5. Suppose \langle\cdot,\cdot\rangle_1 and \langle\cdot,\cdot\rangle_2 are inner products on V such that \langle u,v\rangle_1 = 0 if and only if \langle u,v\rangle_2 = 0. Prove that there is a positive number c such that \langle u,v\rangle_1 = c\langle u,v\rangle_2 for every u,v \in V.

  • First of all, we defaultly accept AC, so according to Zorn's lemma, we can prove for all vector spaces, which is not zero space, there exists an orthonormal basis. Let \alpha be an orthonormal basis for V,|\cdot|_1,which |u|_i:=\sqrt{\langle u,u\rangle_i}. In this way, \forall i\neq j,\langle \alpha_i,\alpha_j\rangle_1=0\Rightarrow\langle \alpha_i,\alpha_j\rangle_2=0;\langle\alpha_i,\alpha_i\rangle_1=1\Rightarrow\langle\alpha_i,\alpha_i\rangle_2=c_i\neq0. Notice that \langle\alpha_i+\alpha_j,\alpha_i-\alpha_j\rangle_1=\langle\alpha_i,\alpha_i\rangle_1-\langle\alpha_j,\alpha_j\rangle_1=0\Rightarrow\langle\alpha_i+\alpha_j,\alpha_i-\alpha_j\rangle_2=\langle\alpha_i,\alpha_i\rangle_2-\langle\alpha_j,\alpha_j\rangle_2=0\Rightarrow c_i=c_j. So \forall i,j,\langle\alpha_i,\alpha_j\rangle_1=c\langle\alpha_i,\alpha_j\rangle_2, which means there is a positive number c such that \langle u,v\rangle_1 = c\langle u,v\rangle_2 for every u,v \in V.

6. Define an operator S:F^2\rightarrow F^2 by S(w,z)=(-z,w).

(a) Find a formula for S^*.

  • \langle S^*(a,b),(c,d)\rangle=\langle(a,b),S(c,d)\rangle=\langle(a,b),(-d,c)\rangle=-a\overline d+b\overline c=\langle(b,-a),(c,d)\rangle\Rightarrow S^*(a,b)=(b,-a).
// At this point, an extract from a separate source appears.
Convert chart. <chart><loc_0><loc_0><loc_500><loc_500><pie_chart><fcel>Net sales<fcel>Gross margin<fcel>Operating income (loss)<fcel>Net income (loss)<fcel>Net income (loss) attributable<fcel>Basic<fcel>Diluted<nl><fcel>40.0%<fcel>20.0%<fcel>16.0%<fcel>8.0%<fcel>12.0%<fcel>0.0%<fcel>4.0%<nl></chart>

(b) Show that S is normal but not self-adjoint.

  • Notice that S^*S(w,z)=S^*(-z,w)=(w,z)=S(z,-w)=SS^*(w,z), so SS^*=S^*S=\mathrm{id}, which means S is normal but not self-adjoint.
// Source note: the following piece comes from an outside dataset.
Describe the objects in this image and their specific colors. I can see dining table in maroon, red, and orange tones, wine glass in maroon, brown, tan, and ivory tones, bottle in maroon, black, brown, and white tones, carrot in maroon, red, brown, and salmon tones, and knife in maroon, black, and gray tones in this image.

(c) Find all eigenvalues of S.

  • S(w,z)=\lambda(w,z)=(-z,w)\Rightarrow\lambda w=-z,\lambda z=w\Rightarrow -\lambda^2w=w\Rightarrow\lambda=i,-i,(F=\mathbb{C}) or \lambda doesn't exist, (F=\R).

7. Suppose T \in \mathcal{L}(V) and a_0 +a_1z +a_2z^2 +\cdots+a_{m−1}z^{m−1} +z^m is the minimal polynomial of T. Find the minimal polynomial of T^*.

  • Let f(z):=a_0 +a_1z +a_2z^2 +\cdots+a_{m−1}z^{m−1} +z^m,\overline f(z):=\overline{a_0}+\overline{a_1}z+\overline{a_2}z^2+\cdots+\overline{a_{m-1}}z^{m-1}+z^m. Notice that \langle a_k T^ku,v\rangle=a_k\langle T^{k-1}u,T^*v\rangle=\cdots=\langle u,\overline{a_k}(T^*)^kv\rangle. So, (a_kT^k)^*=\overline{a_k}(T^*)^k,(f(T))^*=\overline f(T^*)=0. On the other hand, \forall g\in\mathbb{K}[z],\deg g<m, we know g(z) is not the zero polynomial of T, which means (g(T))^*=\overline g(T^*)\neq0. Combining the two conclusions, we can say the minimal polynomial of T^* is \overline f(z).

8. Prove or give a counterexample: If T \in \mathcal{L}(V) and there is an orthonormal basis e_1,\dots, e_n of V such that \|Te_k\| = \|T^∗e_k\| for each k = 1,\dots,n, then T is normal.

  • Counterexample: Consider V=R^2,T:e_1\mapsto e_1+e_2,e_2\mapsto -e_1-e_2, we have \langle T^*(a,b),(c,d)\rangle=\langle(a,b),T(c,d)\rangle=\langle(a,b),(c-d,c-d)\rangle=\langle(a+b,-a-b),(c,d)\rangle. So, T^*:e_k\mapsto e_1-e_2,k=1,2. Notice that \|Te_k\|=\sqrt2=\|T^*e_k\|,k=1,2;TT^*:e_k\mapsto2e_1+2e_2,k=1,2;T^*T:e_1\mapsto2e_1-2e_2,e_2\mapsto-2e_1+2e_2. Therefore, TT^*\neq T^*T, which means T is not normal.